Надо забор подправить, надо убрать осенние

горы и груды листьев, надо проверить трубы,

надо с окон содрать зимнее утепление,

на чердак отнести, чтоб не мешалась, шубу.

Надо вымести грубый зимний сор на улицу,

отпереть летнюю кухню, занести туда стол и стулья,

надо хлопотать в саду, над землей ссутулиться.

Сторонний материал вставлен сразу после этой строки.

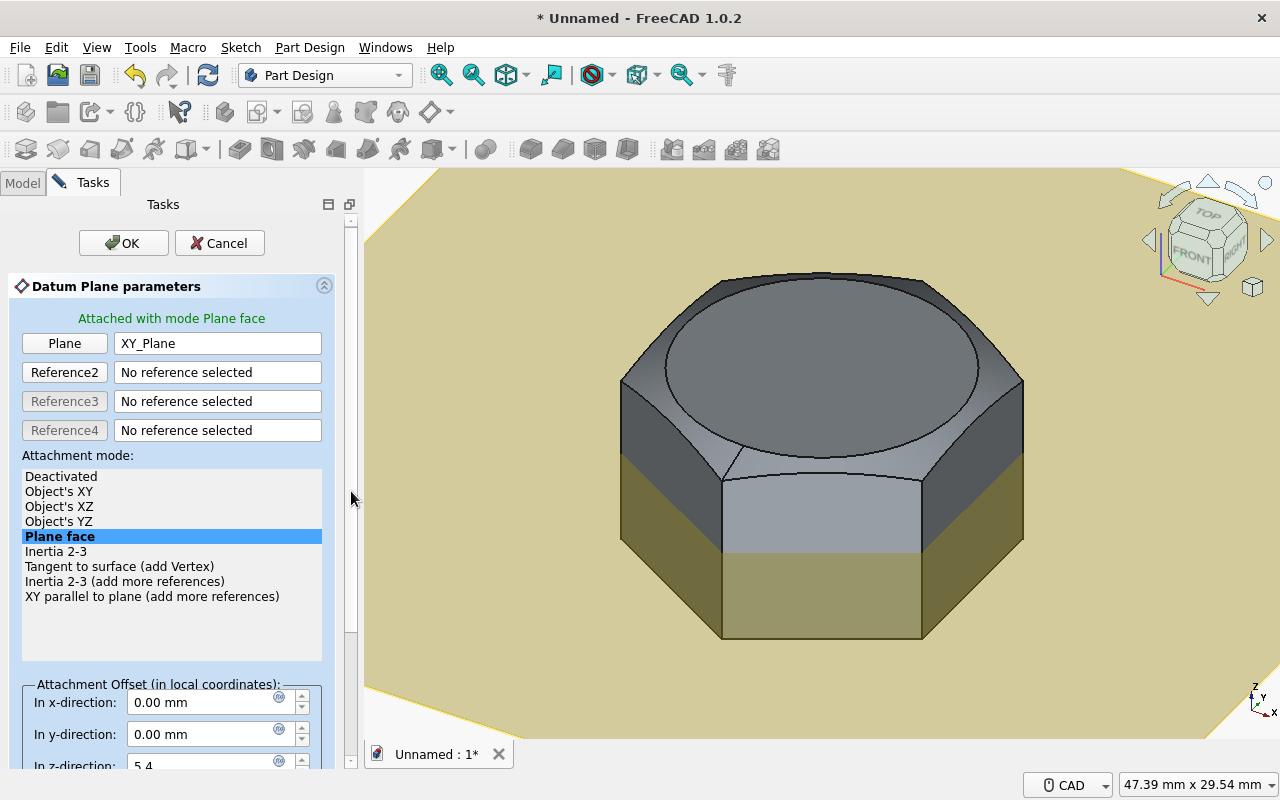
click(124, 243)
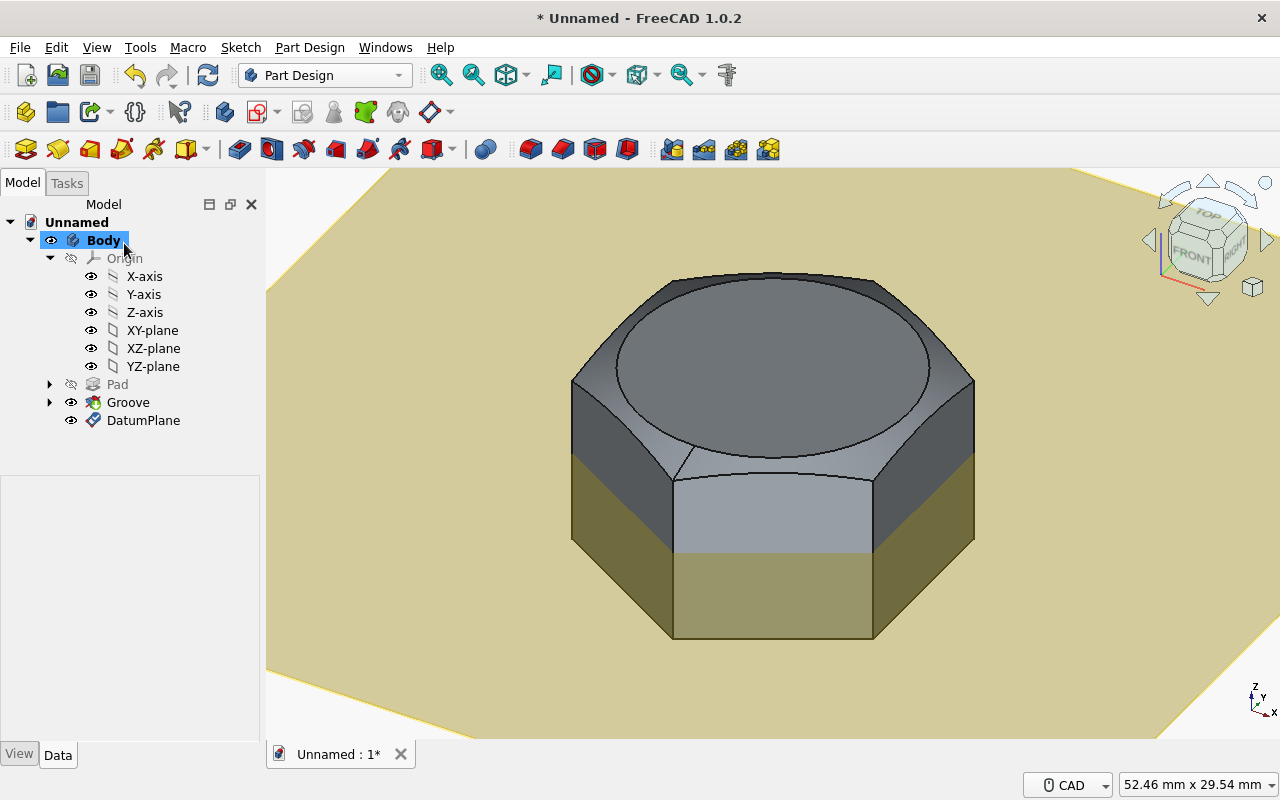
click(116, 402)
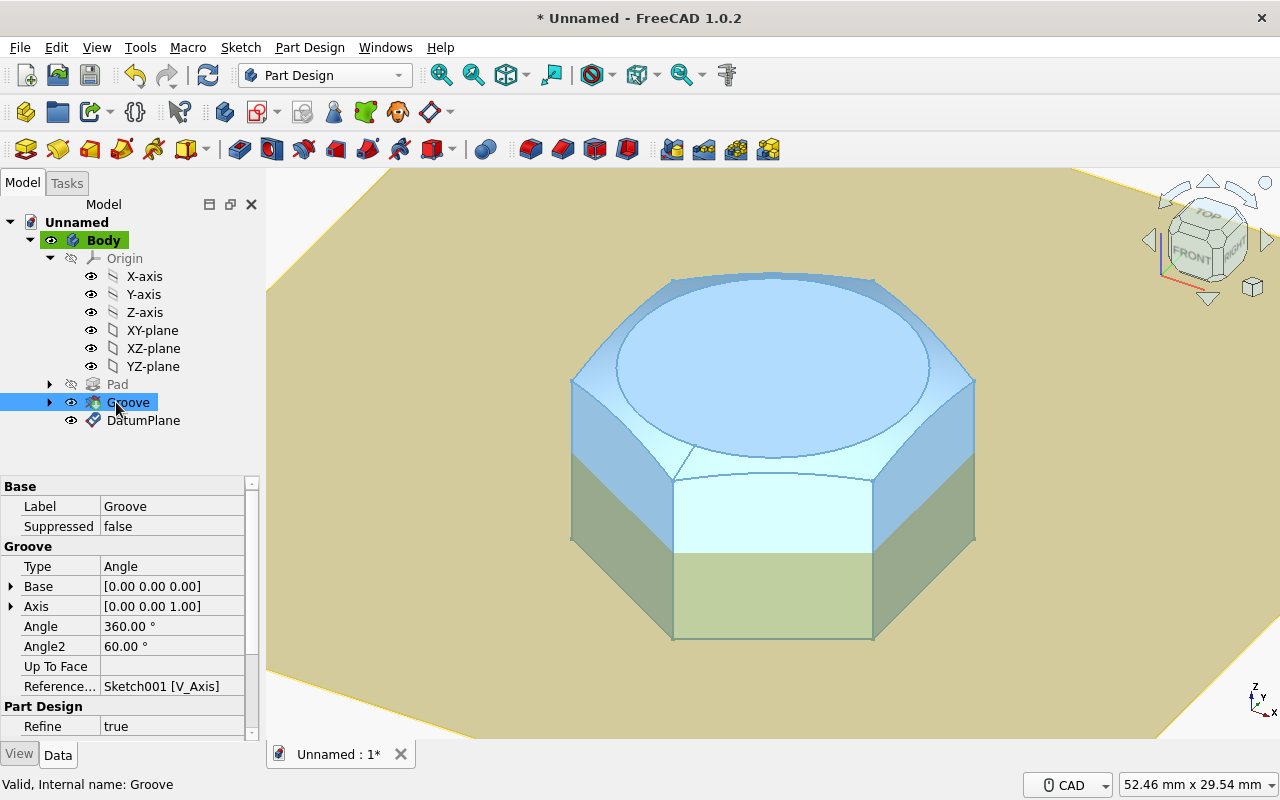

Так и буду я эти "надо" до конца повторять июля.

      63

Уж какой ты работник, я ль не знаю:

год который качается под ветром

твой забор, что того гляди и рухнет,

на каком честном слове прикрепился

к трем столбам! Может, нас переживет так.

      64

Здравствуй, Адонис!

Как спалось, мой господине,

в этой долгой снежной пустыне,

в этом голом образе мира,

какой не видеть

уже благо?

Как спалось-почивалось,

ворочалось как, лежалось

под белым легчайшем снегом,

под лётом ветров, туч бегом?

Как смерть миновала,

без ущерба ли?

Каково тебе возвращаться,

расцветать под весенним солнцем,

под ветерком качаться,

заморозков пугаться?

Красивый стоишь, пригожий

в лугах родимых.

      65

Тяжелеет снег, и в сердце

думы мокнут, тяжелеют;

от весны, беды согреться

чем? – остатки дров чуть тлеют.

Ну не брать же новой ноши,

не идти же за охапкой;

хлюпают водой калоши,

и капель стучит по шапке.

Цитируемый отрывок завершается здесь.